TASK STATEMENT:
Below are some records. Quote exactly the lines from the one that contains "val fail = fn" through the last, both included, and leave out the pictures.

DATA SECTION:
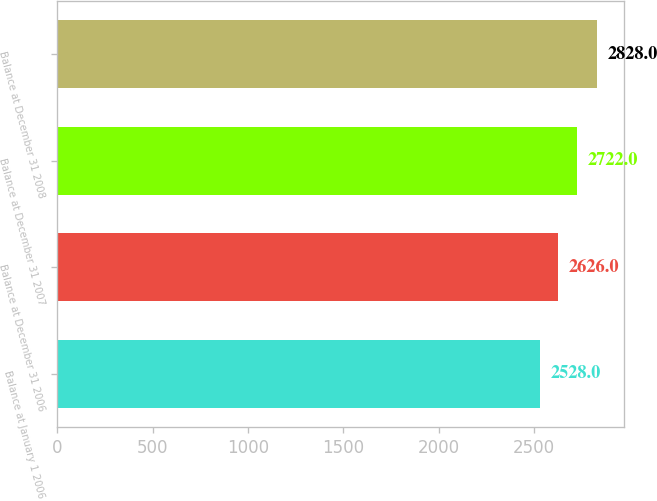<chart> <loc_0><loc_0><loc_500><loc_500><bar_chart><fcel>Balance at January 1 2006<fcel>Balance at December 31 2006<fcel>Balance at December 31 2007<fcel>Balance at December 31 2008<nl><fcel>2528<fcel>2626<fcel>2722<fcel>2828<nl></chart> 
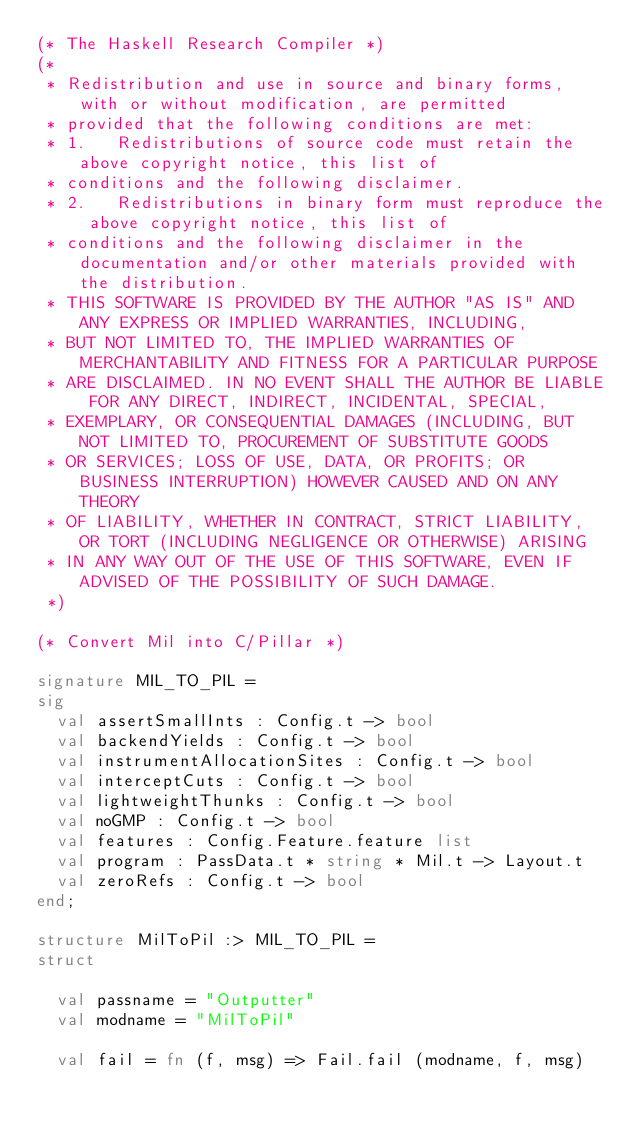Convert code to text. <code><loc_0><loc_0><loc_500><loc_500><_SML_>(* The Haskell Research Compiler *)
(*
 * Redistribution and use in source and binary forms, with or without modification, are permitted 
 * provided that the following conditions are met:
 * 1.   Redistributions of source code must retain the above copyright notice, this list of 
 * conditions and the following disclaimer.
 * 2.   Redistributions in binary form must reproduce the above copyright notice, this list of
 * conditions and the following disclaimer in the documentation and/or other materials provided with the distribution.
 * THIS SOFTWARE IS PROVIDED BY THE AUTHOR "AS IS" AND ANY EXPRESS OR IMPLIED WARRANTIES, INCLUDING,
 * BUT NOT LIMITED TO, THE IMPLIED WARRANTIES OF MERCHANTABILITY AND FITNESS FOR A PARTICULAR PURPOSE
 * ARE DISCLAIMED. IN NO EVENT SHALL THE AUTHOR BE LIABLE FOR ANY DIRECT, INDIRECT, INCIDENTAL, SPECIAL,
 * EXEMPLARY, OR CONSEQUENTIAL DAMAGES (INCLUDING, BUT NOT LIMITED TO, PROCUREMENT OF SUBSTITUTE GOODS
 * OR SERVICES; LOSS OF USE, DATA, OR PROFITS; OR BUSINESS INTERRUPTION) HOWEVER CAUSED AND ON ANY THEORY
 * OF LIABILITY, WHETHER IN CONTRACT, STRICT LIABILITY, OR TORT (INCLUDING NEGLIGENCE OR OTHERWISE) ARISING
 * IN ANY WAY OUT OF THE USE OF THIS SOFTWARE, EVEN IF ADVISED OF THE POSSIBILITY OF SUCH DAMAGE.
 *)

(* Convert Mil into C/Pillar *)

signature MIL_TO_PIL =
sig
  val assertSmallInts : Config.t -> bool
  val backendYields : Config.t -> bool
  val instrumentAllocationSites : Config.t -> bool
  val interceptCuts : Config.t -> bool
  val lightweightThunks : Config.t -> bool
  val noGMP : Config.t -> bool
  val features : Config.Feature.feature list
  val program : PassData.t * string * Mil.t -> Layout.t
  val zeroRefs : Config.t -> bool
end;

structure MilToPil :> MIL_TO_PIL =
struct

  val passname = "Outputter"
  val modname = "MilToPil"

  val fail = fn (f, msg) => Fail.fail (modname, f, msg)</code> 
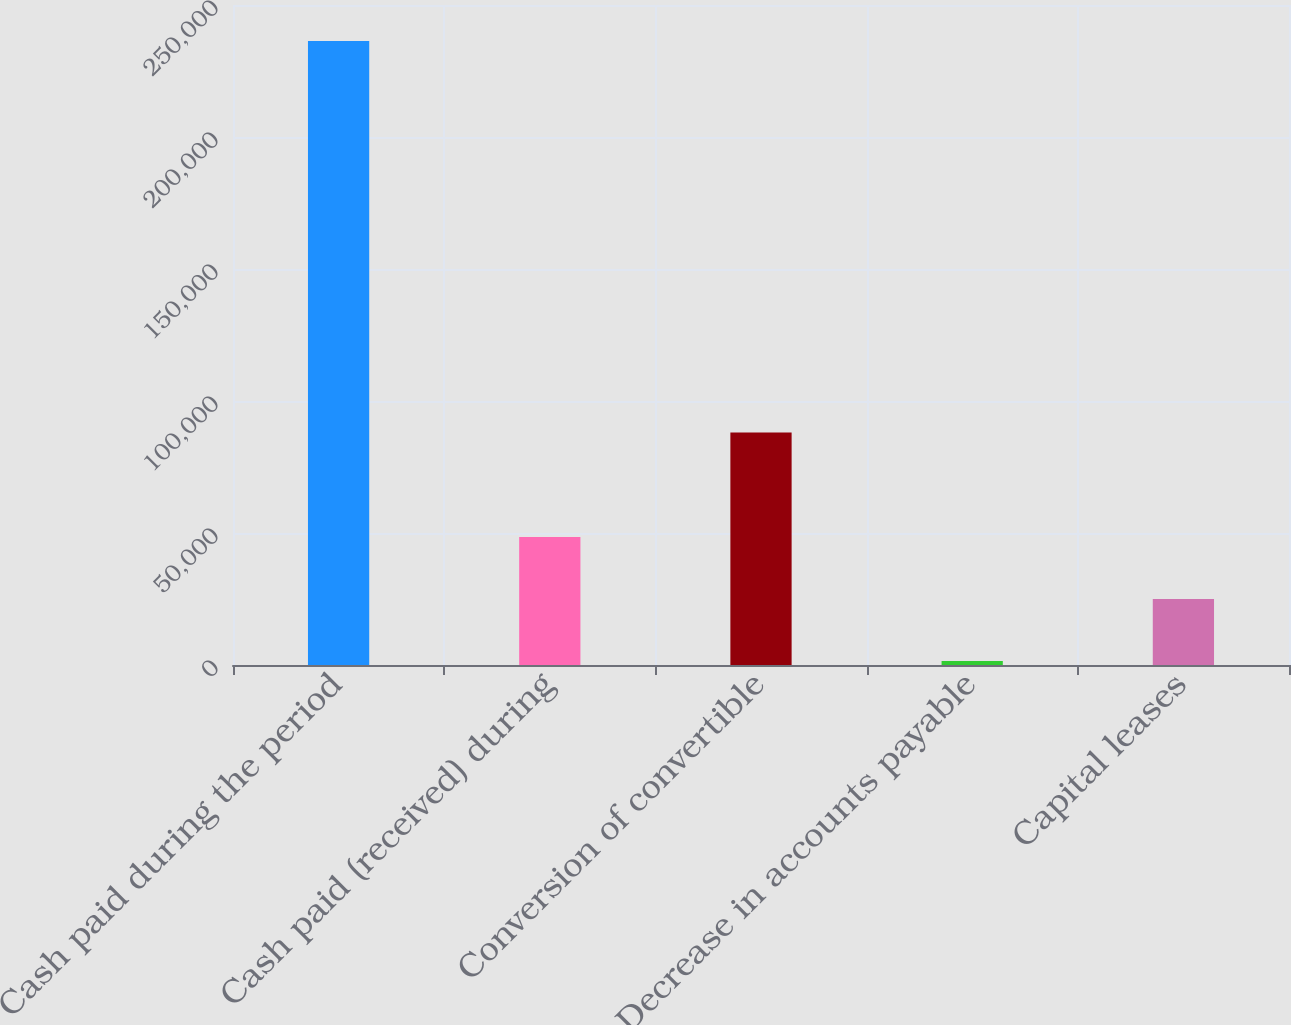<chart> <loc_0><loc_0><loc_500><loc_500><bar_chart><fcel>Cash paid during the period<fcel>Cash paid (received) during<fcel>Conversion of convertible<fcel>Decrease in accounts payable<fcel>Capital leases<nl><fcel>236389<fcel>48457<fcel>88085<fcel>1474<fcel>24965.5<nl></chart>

WRITTEN RESPONSE:
  val fail = fn (f, msg) => Fail.fail (modname, f, msg)</code> 
<chart> <loc_0><loc_0><loc_500><loc_500><bar_chart><fcel>Cash paid during the period<fcel>Cash paid (received) during<fcel>Conversion of convertible<fcel>Decrease in accounts payable<fcel>Capital leases<nl><fcel>236389<fcel>48457<fcel>88085<fcel>1474<fcel>24965.5<nl></chart>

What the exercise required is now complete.